Foraging segregation in tropical and polar seabirds: Testing the Intersexual Competition Hypothesis

Highlights

• Intersexual Competition Hypothesis (ICH) was tested in tropical and polar seabirds.

• ICH postulate that differences in body size play a role in niche segregation.

• No correlation was found between total dimorphism index and differences in stable isotope values.

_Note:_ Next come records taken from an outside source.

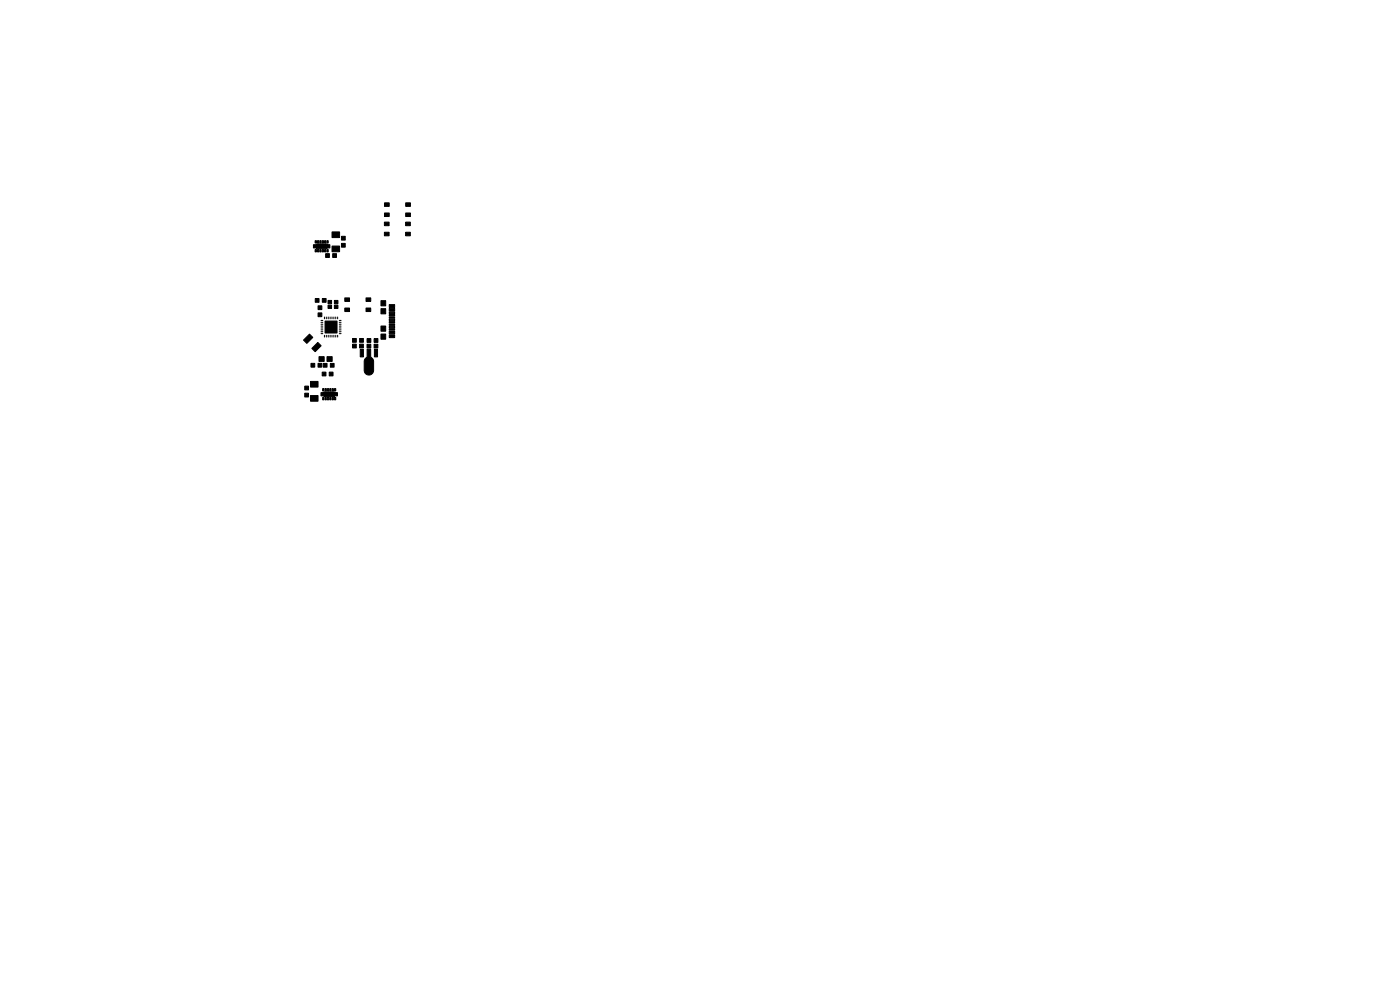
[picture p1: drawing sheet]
<svg xmlns="http://www.w3.org/2000/svg" width="297mm" height="210mm" viewBox="0 0 297 210" stroke-linecap="round" stroke-linejoin="round" font-family="sans-serif">
<g fill="#000" stroke="#000" stroke-width=".21">
<path d="M66.9 51.1h.2v.5h-.2zM66.9 52.9h.2v.5h-.2zM66.5 51.9h.6l.1-.1h2.1v.1h.7v.3l-.7 .1h.6l.1 .3h-.7v.2h-2.1l-.1-.2h-.6v-.3h.6l-.6-.1zM67.3 51.1h.3v.5h-.3zM67.3 52.9h.3v.5h-.3zM67.8 51.1h.3v.5h-.3zM67.8 52.9h.3v.5h-.3zM68.3 51.1h.3v.5h-.3zM68.3 52.9h.3v.5h-.3zM69.1 53.8h.8v.8h-.8zM68.8 51.1h.3v.5h-.3zM68.8 52.9h.3v.5h-.3z"/>
<path d="M69.4 51.1h.2v.5h-.2zM69.4 52.9h.2v.5h-.2zM70.6 53.8h.8v.8h-.8zM70.4 52.2h1.6v1.2h-1.6zM70.4 49.2h1.6v1.2h-1.6zM72.4 51.6h.8v.8h-.8zM72.4 50.1h.8v.8h-.8zM81.5 47.1h1v.8h-1zM81.5 49.3h1v.7h-1zM81.6 43h1v.8h-1zM81.6 45.2h1v.7h-1zM86 47.1h1v.8h-1z"/>
<path d="M86 49.3h1v.7h-1zM86.1 43h1v.8h-1zM86.1 45.2h1v.7h-1zM64.4 72.1l1.3-1.2 .7 .7-1.3 1.2zM66 77.1h.8v.8h-.8zM66.9 63.3h.8v.8h-.8zM66.2 73.9l1.2-1.3 .7 .7-1.2 1.3zM67.5 77.1h.8v.8h-.8zM67.5 64.9h.8v.8h-.8zM67.5 66.4h.8v.8h-.8zM68.3 78.9h.9v.8h-.9zM68.4 63.3h.8v.8h-.8z"/>
<path d="M67.7 75.7h1.1v1h-1.1zM68.6 77.1h.8v.8h-.8zM69.6 63.7h.7v.7h-.7zM69.6 64.7h.7v.7h-.7zM69.8 78.9h.8v.8h-.8zM69.4 75.7h1.1v1h-1.1zM70.1 77.1h.8v.8h-.8zM70.9 63.7h.8v.7h-.8zM70.9 64.7h.8v.7h-.8zM69 68.1h2.5v2.5h-2.5zM73.1 63.2h1v.7h-1zM73.1 65.3h1v.8h-1z"/>
<path d="M74.8 73h.8v.8h-.8zM74.8 71.8h.8v.8h-.8zM76.3 73h.8v.8h-.8zM76.3 71.8h.8v.8h-.8zM76.4 74.1h.7v1.6h-.7zM77.9 74.1h.7v1.7l.5 .3 .2 .5-.1 2.3-.3 .4-.6 .3-.7-.3-.3-.7v-2l.1-.5 .5-.3zM77.6 63.2h1v.7h-1zM77.6 65.3h1v.8h-1zM77.9 73h.8v.8h-.8zM77.9 71.8h.8v.8h-.8zM79.4 74.1h.7v1.6h-.7zM79.4 73h.8v.8h-.8z"/>
<path d="M79.4 71.8h.8v.8h-.8zM80.8 69.2h1v1.1h-1zM80.8 70.9h1v1.1h-1zM80.8 65.5h1v1.1h-1zM80.8 63.8h1v1.1h-1zM82.6 71h1.1v.6h-1.1zM82.6 70.2h1.1v.6h-1.1zM82.6 69.2h1.1v.3h-1.1zM82.6 68.2h1.1v.3h-1.1zM82.6 67.7h1.1v.3h-1.1zM82.6 66.7h1.1v.3h-1.1zM82.6 64.6h1.1v.6h-1.1z"/>
<path d="M82.6 65.4h1.1v.6h-1.1zM82.6 66.2h1.1v.3h-1.1zM82.6 67.2h1.1v.3h-1.1zM82.6 68.7h1.1v.3h-1.1zM82.6 69.7h1.1v.3h-1.1zM64.6 81.9h.8v.8h-.8zM64.6 83.4h.8v.8h-.8zM65.9 80.9h1.6v1.2h-1.6zM65.9 83.9h1.6v1.2h-1.6zM68.4 84.3h.3v.5h-.3zM68.4 82.4h.3v.5h-.3zM69 84.3h.2v.5h-.2z"/>
<path d="M69 82.4h.2v.5h-.2zM69.4 84.3h.3v.5h-.3zM69.4 82.4h.3v.5h-.3zM69.9 84.3h.3v.5h-.3zM69.9 82.4h.3v.5h-.3zM70.4 84.3h.3v.5h-.3zM70.4 82.4h.3v.5h-.3zM68.1 83.3h.6l.1-.2h2.1v.2h.7v.3l-.7 .1h.6l.1 .2-.7 .1v.1h-2.1l-.1-.1h-.6v-.3h.6l-.6-.1zM70.9 84.3h.3v.5h-.3zM70.9 82.4h.3v.5h-.3z"/>
</g>
<g fill="none" stroke="#000" stroke-width=".22">
<path d="M68.1 70.8h.4M68.1 70.4h.4M68.1 70h.4M68.1 69.6h.4M68.1 69.2h.4M68.1 68.8h.4M68.1 68.4h.4M68.1 68h.4M68.8 67.2v.4M68.8 71.1v.4M69.2 67.2v.4M69.2 71.1v.4"/>
<path d="M69.6 67.2v.4M69.6 71.1v.4M70 67.2v.4M70 71.1v.4M70.4 67.2v.4M70.4 71.1v.4M70.8 67.2v.4M70.8 71.1v.4M71.2 67.2v.4M71.2 71.1v.4M71.6 67.2v.4M71.6 71.1v.4"/>
<path d="M72 70.8h.4M72 70.4h.4M72 70h.4M72 69.6h.4M72 69.2h.4M72 68.8h.4M72 68.4h.4M72 68h.4"/>
</g>
</svg>

• Sexual size dimorphism seems to facilitate niche segregation in non-tropical seabirds.

Abstract

The Intersexual Competition Hypothesis (ICH) predicts that sexual size dimorphism (SSD) in seabirds may reduce intraspecific food competition through the exploitation of different trophic niches by each sex. We tested the ICH using stable isotopes (δ¹⁵N and δ¹³C) from whole blood and muscle from six tropical and five polar seabird species sampled at breeding sites. We expected that greater morphological differences between sexes would be related to larger differences in δ¹⁵N and δ¹³C values, reflecting potential diet and spatial segregation between males and females. We also compared trophic segregation in non-tropical and tropical seabirds to determine if there was more intense feeding competition during the generally shorter breeding season in non-tropical areas, leading to more pronounced segregation mechanisms; alternatively, more abundant food resources during breeding at temperate and polar areas, in contrast to oligotrophic tropical areas, could lead to a relaxing of segregation. No significant differences in δ¹⁵N or δ¹³C were found between sexes in seabird species from tropical or polar regions. In addition, there was no correlation between total dimorphism index and differences in mean δ¹⁵N or δ¹³C values of females and males for each species. Analysis of data from the literature, accounting for phylogeny, indicated that size-dimorphic seabird species from temperate and polar regions tend to show trophic (δ¹⁵N) or spatial (δ¹³C) segregation (71%; 30 out of 42 study cases) more often than tropical dimorphic species (19%; 3 out of 16 study cases). Overall, SSD seems to facilitate trophic or spatial segregation in non-tropical seabirds, but not in tropical species. Further investigations are necessary to confirm the lack of this pattern in tropical seabirds.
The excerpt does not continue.